- _WORK REQUIRED_: Print every entry below exactly, leaving out the pictures.

- _RECORDS FOR PROCESSING_:
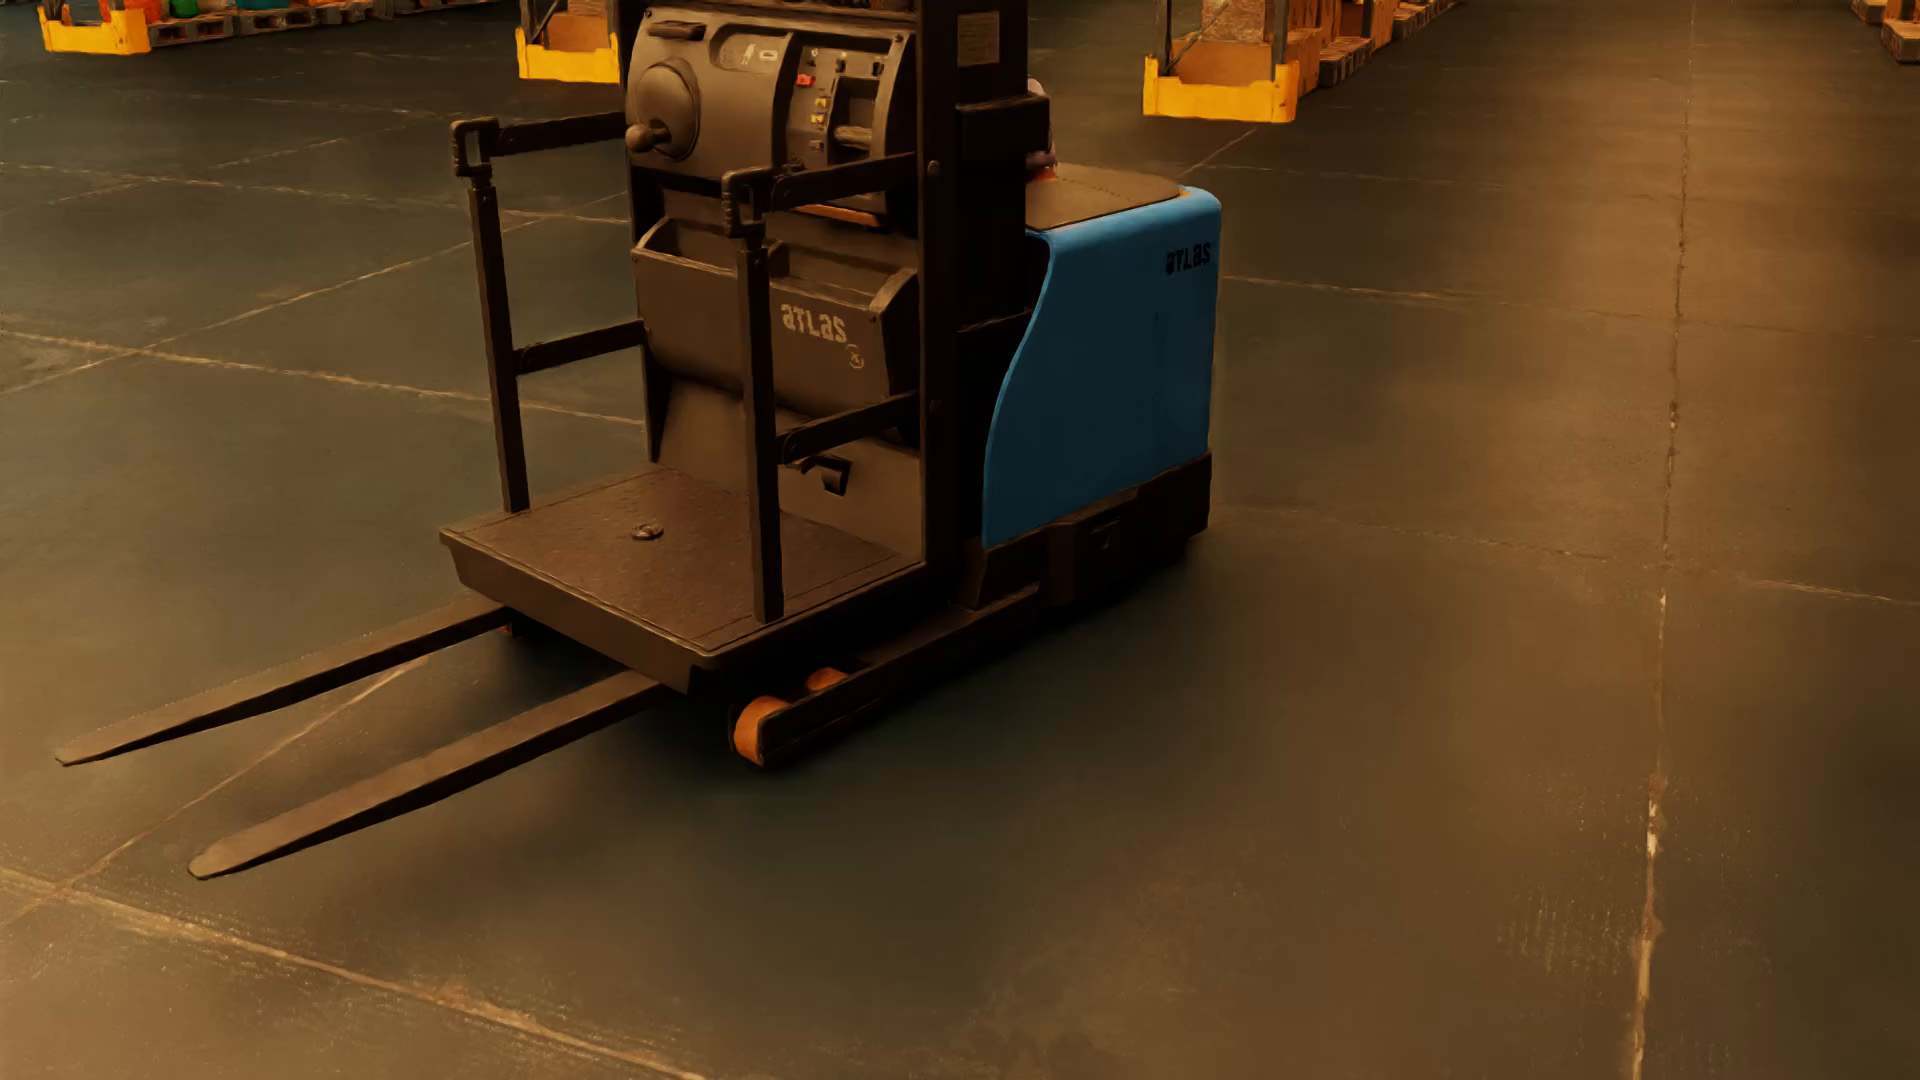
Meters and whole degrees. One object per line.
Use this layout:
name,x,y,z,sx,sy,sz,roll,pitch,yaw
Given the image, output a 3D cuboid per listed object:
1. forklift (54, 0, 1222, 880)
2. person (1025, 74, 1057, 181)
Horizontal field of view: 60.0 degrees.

- _ANSWER AREA_:
Meters and whole degrees. One object per line.
Use this layout:
name,x,y,z,sx,sy,sz,roll,pitch,yaw
Given the image, output a 3D cuboid per listed object:
1. forklift (54, 0, 1222, 880)
2. person (1025, 74, 1057, 181)
Horizontal field of view: 60.0 degrees.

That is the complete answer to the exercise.